**EXERCISE DETAILS**
All pictures are to be excluded when the data below is output verbatim.

++++

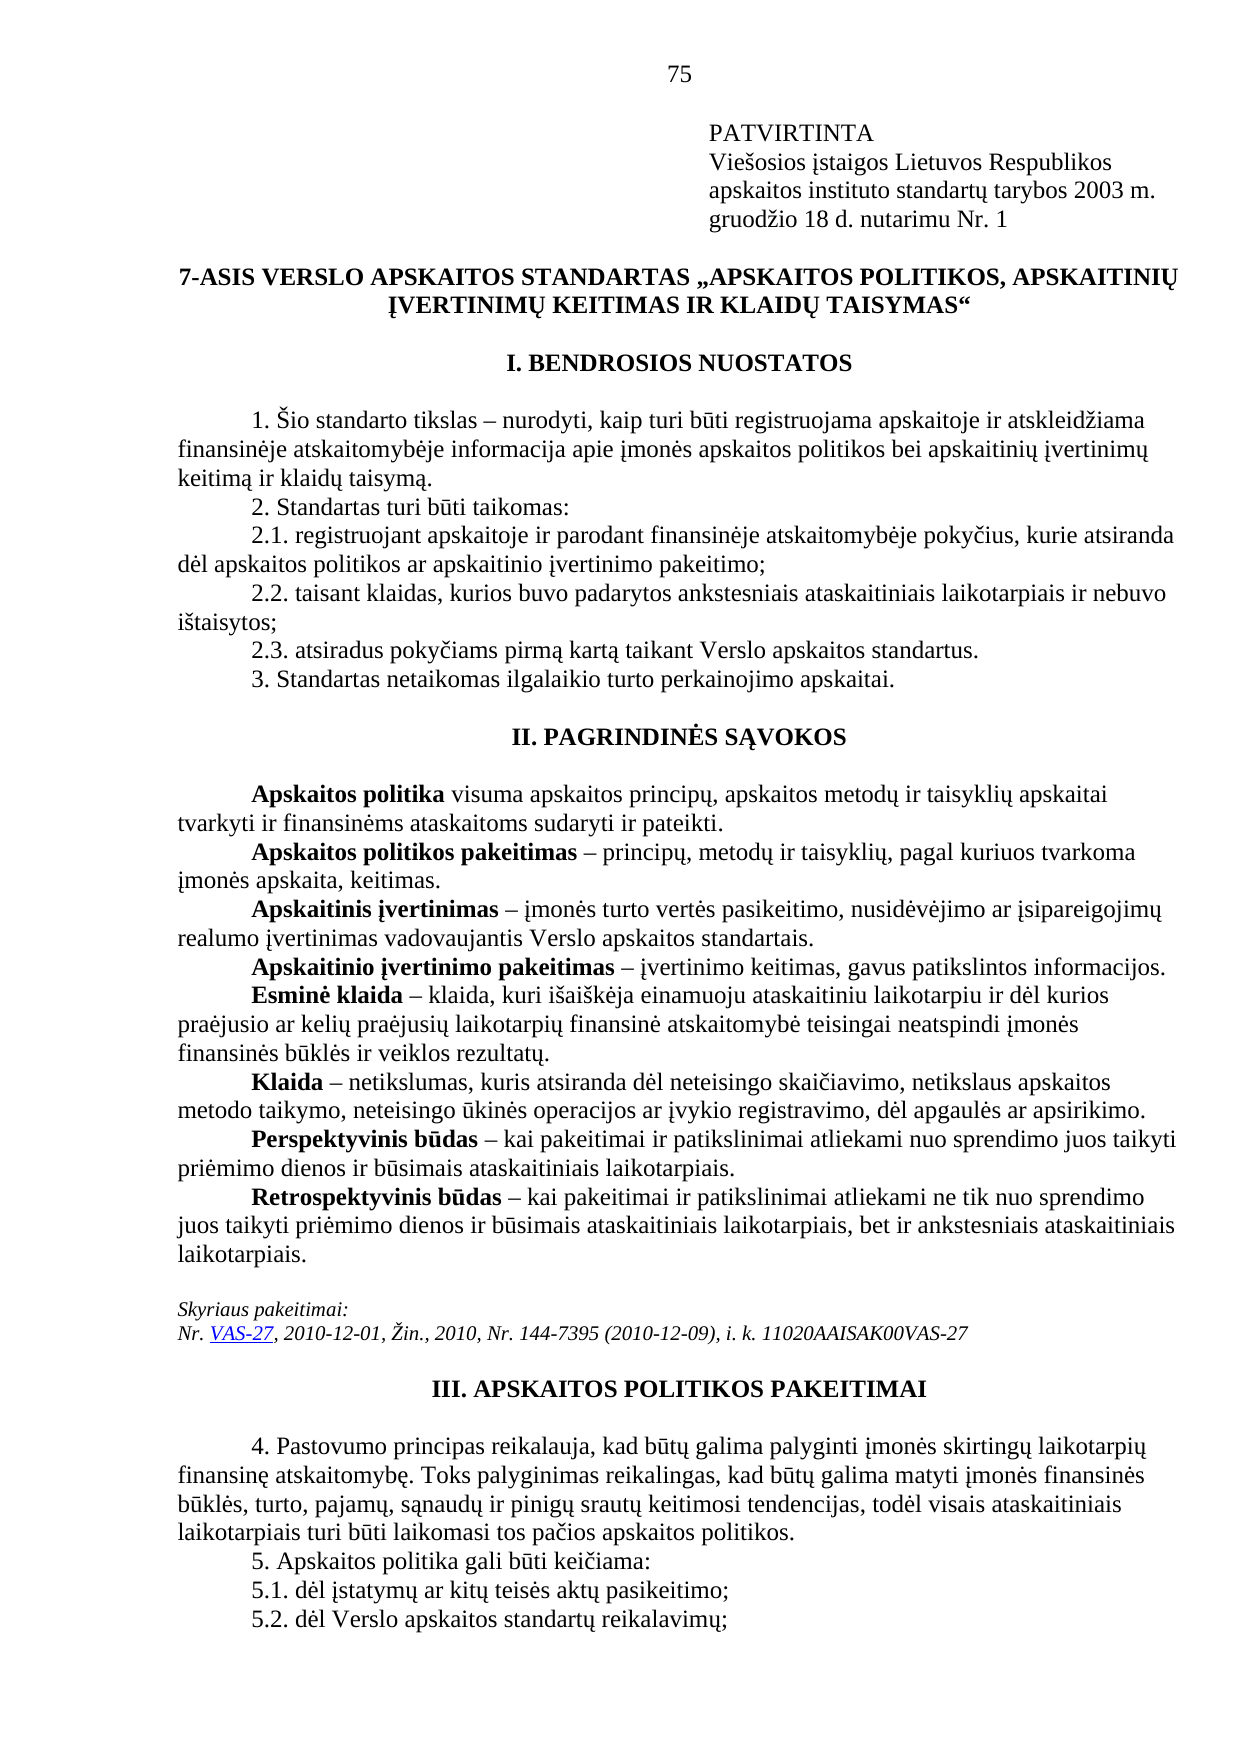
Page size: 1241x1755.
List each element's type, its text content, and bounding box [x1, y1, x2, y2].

text Nr. VAS-27, 2010-12-01, Žin., 2010, Nr. 144-7395 (2010-12-09), i. k. 11020AAISAK00VAS-27 [177, 1321, 1181, 1345]
text Esminė klaida – klaida, kuri išaiškėja einamuoju ataskaitiniu laikotarpiu ir dėl kurios praėjusio ar kelių praėjusių laikotarpių finansinė atskaitomybė teisingai neatspindi įmonės finansinės būklės ir veiklos rezultatų. [177, 981, 1181, 1067]
text gruodžio 18 d. nutarimu Nr. 1 [177, 204, 1181, 233]
text Perspektyvinis būdas – kai pakeitimai ir patikslinimai atliekami nuo sprendimo juos taikyti priėmimo dienos ir būsimais ataskaitiniais laikotarpiais. [177, 1124, 1181, 1182]
text 5. Apskaitos politika gali būti keičiama: [177, 1546, 1181, 1575]
text 2.3. atsiradus pokyčiams pirmą kartą taikant Verslo apskaitos standartus. [177, 636, 1181, 664]
text 2. Standartas turi būti taikomas: [177, 492, 1181, 521]
text 3. Standartas netaikomas ilgalaikio turto perkainojimo apskaitai. [177, 664, 1181, 693]
text Klaida – netikslumas, kuris atsiranda dėl neteisingo skaičiavimo, netikslaus apskaitos metodo taikymo, neteisingo ūkinės operacijos ar įvykio registravimo, dėl apgaulės ar apsirikimo. [177, 1067, 1181, 1124]
text 1. Šio standarto tikslas – nurodyti, kaip turi būti registruojama apskaitoje ir atskleidžiama finansinėje atskaitomybėje informacija apie įmonės apskaitos politikos bei apskaitinių įvertinimų keitimą ir klaidų taisymą. [177, 406, 1181, 492]
text Skyriaus pakeitimai: [177, 1297, 1181, 1321]
text apskaitos instituto standartų tarybos 2003 m. [177, 176, 1181, 204]
text III. APSKAITOS POLITIKOS PAKEITIMAI [177, 1374, 1181, 1402]
text Retrospektyvinis būdas – kai pakeitimai ir patikslinimai atliekami ne tik nuo sprendimo juos taikyti priėmimo dienos ir būsimais ataskaitiniais laikotarpiais, bet ir ankstesniais ataskaitiniais laikotarpiais. [177, 1182, 1181, 1268]
text I. BENDROSIOS NUOSTATOS [177, 348, 1181, 377]
text 5.2. dėl Verslo apskaitos standartų reikalavimų; [177, 1604, 1181, 1632]
text 2.1. registruojant apskaitoje ir parodant finansinėje atskaitomybėje pokyčius, kurie atsiranda dėl apskaitos politikos ar apskaitinio įvertinimo pakeitimo; [177, 521, 1181, 578]
text Apskaitos politika visuma apskaitos principų, apskaitos metodų ir taisyklių apskaitai tvarkyti ir finansinėms ataskaitoms sudaryti ir pateikti. [177, 779, 1181, 837]
text 5.1. dėl įstatymų ar kitų teisės aktų pasikeitimo; [177, 1575, 1181, 1604]
text PATVIRTINTA [709, 118, 1181, 147]
text Apskaitinio įvertinimo pakeitimas – įvertinimo keitimas, gavus patikslintos informacijos. [177, 952, 1181, 981]
text Viešosios įstaigos Lietuvos Respublikos [177, 147, 1181, 176]
text Apskaitinis įvertinimas – įmonės turto vertės pasikeitimo, nusidėvėjimo ar įsipareigojimų realumo įvertinimas vadovaujantis Verslo apskaitos standartais. [177, 894, 1181, 952]
text Apskaitos politikos pakeitimas – principų, metodų ir taisyklių, pagal kuriuos tvarkoma įmonės apskaita, keitimas. [177, 837, 1181, 894]
text 2.2. taisant klaidas, kurios buvo padarytos ankstesniais ataskaitiniais laikotarpiais ir nebuvo ištaisytos; [177, 578, 1181, 636]
text II. PAGRINDINĖS SĄVOKOS [177, 722, 1181, 751]
text 7-ASIS VERSLO APSKAITOS STANDARTAS „APSKAITOS POLITIKOS, APSKAITINIŲ ĮVERTINIMŲ KEITIMAS IR KLAIDŲ TAISYMAS“ [177, 262, 1181, 319]
text 4. Pastovumo principas reikalauja, kad būtų galima palyginti įmonės skirtingų laikotarpių finansinę atskaitomybę. Toks palyginimas reikalingas, kad būtų galima matyti įmonės finansinės būklės, turto, pajamų, sąnaudų ir pinigų srautų keitimosi tendencijas, todėl visais ataskaitiniais laikotarpiais turi būti laikomasi tos pačios apskaitos politikos. [177, 1431, 1181, 1546]

++++

**SOLUTION TO THE EXERCISE**
Page size: 1241x1755.
List each element's type, its text content, and bounding box [x1, y1, x2, y2].

text Nr. VAS-27, 2010-12-01, Žin., 2010, Nr. 144-7395 (2010-12-09), i. k. 11020AAISAK00VAS-27 [177, 1321, 1181, 1345]
text Esminė klaida – klaida, kuri išaiškėja einamuoju ataskaitiniu laikotarpiu ir dėl kurios praėjusio ar kelių praėjusių laikotarpių finansinė atskaitomybė teisingai neatspindi įmonės finansinės būklės ir veiklos rezultatų. [177, 981, 1181, 1067]
text gruodžio 18 d. nutarimu Nr. 1 [177, 204, 1181, 233]
text Perspektyvinis būdas – kai pakeitimai ir patikslinimai atliekami nuo sprendimo juos taikyti priėmimo dienos ir būsimais ataskaitiniais laikotarpiais. [177, 1124, 1181, 1182]
text 5. Apskaitos politika gali būti keičiama: [177, 1546, 1181, 1575]
text 2.3. atsiradus pokyčiams pirmą kartą taikant Verslo apskaitos standartus. [177, 636, 1181, 664]
text 2. Standartas turi būti taikomas: [177, 492, 1181, 521]
text 3. Standartas netaikomas ilgalaikio turto perkainojimo apskaitai. [177, 664, 1181, 693]
text Klaida – netikslumas, kuris atsiranda dėl neteisingo skaičiavimo, netikslaus apskaitos metodo taikymo, neteisingo ūkinės operacijos ar įvykio registravimo, dėl apgaulės ar apsirikimo. [177, 1067, 1181, 1124]
text 1. Šio standarto tikslas – nurodyti, kaip turi būti registruojama apskaitoje ir atskleidžiama finansinėje atskaitomybėje informacija apie įmonės apskaitos politikos bei apskaitinių įvertinimų keitimą ir klaidų taisymą. [177, 406, 1181, 492]
text Skyriaus pakeitimai: [177, 1297, 1181, 1321]
text apskaitos instituto standartų tarybos 2003 m. [177, 176, 1181, 204]
text III. APSKAITOS POLITIKOS PAKEITIMAI [177, 1374, 1181, 1402]
text Retrospektyvinis būdas – kai pakeitimai ir patikslinimai atliekami ne tik nuo sprendimo juos taikyti priėmimo dienos ir būsimais ataskaitiniais laikotarpiais, bet ir ankstesniais ataskaitiniais laikotarpiais. [177, 1182, 1181, 1268]
text I. BENDROSIOS NUOSTATOS [177, 348, 1181, 377]
text 5.2. dėl Verslo apskaitos standartų reikalavimų; [177, 1604, 1181, 1632]
text 2.1. registruojant apskaitoje ir parodant finansinėje atskaitomybėje pokyčius, kurie atsiranda dėl apskaitos politikos ar apskaitinio įvertinimo pakeitimo; [177, 521, 1181, 578]
text Apskaitos politika visuma apskaitos principų, apskaitos metodų ir taisyklių apskaitai tvarkyti ir finansinėms ataskaitoms sudaryti ir pateikti. [177, 779, 1181, 837]
text 5.1. dėl įstatymų ar kitų teisės aktų pasikeitimo; [177, 1575, 1181, 1604]
text PATVIRTINTA [709, 118, 1181, 147]
text Apskaitinio įvertinimo pakeitimas – įvertinimo keitimas, gavus patikslintos informacijos. [177, 952, 1181, 981]
text Viešosios įstaigos Lietuvos Respublikos [177, 147, 1181, 176]
text Apskaitinis įvertinimas – įmonės turto vertės pasikeitimo, nusidėvėjimo ar įsipareigojimų realumo įvertinimas vadovaujantis Verslo apskaitos standartais. [177, 894, 1181, 952]
text Apskaitos politikos pakeitimas – principų, metodų ir taisyklių, pagal kuriuos tvarkoma įmonės apskaita, keitimas. [177, 837, 1181, 894]
text 2.2. taisant klaidas, kurios buvo padarytos ankstesniais ataskaitiniais laikotarpiais ir nebuvo ištaisytos; [177, 578, 1181, 636]
text II. PAGRINDINĖS SĄVOKOS [177, 722, 1181, 751]
text 7-ASIS VERSLO APSKAITOS STANDARTAS „APSKAITOS POLITIKOS, APSKAITINIŲ ĮVERTINIMŲ KEITIMAS IR KLAIDŲ TAISYMAS“ [177, 262, 1181, 319]
text 4. Pastovumo principas reikalauja, kad būtų galima palyginti įmonės skirtingų laikotarpių finansinę atskaitomybę. Toks palyginimas reikalingas, kad būtų galima matyti įmonės finansinės būklės, turto, pajamų, sąnaudų ir pinigų srautų keitimosi tendencijas, todėl visais ataskaitiniais laikotarpiais turi būti laikomasi tos pačios apskaitos politikos. [177, 1431, 1181, 1546]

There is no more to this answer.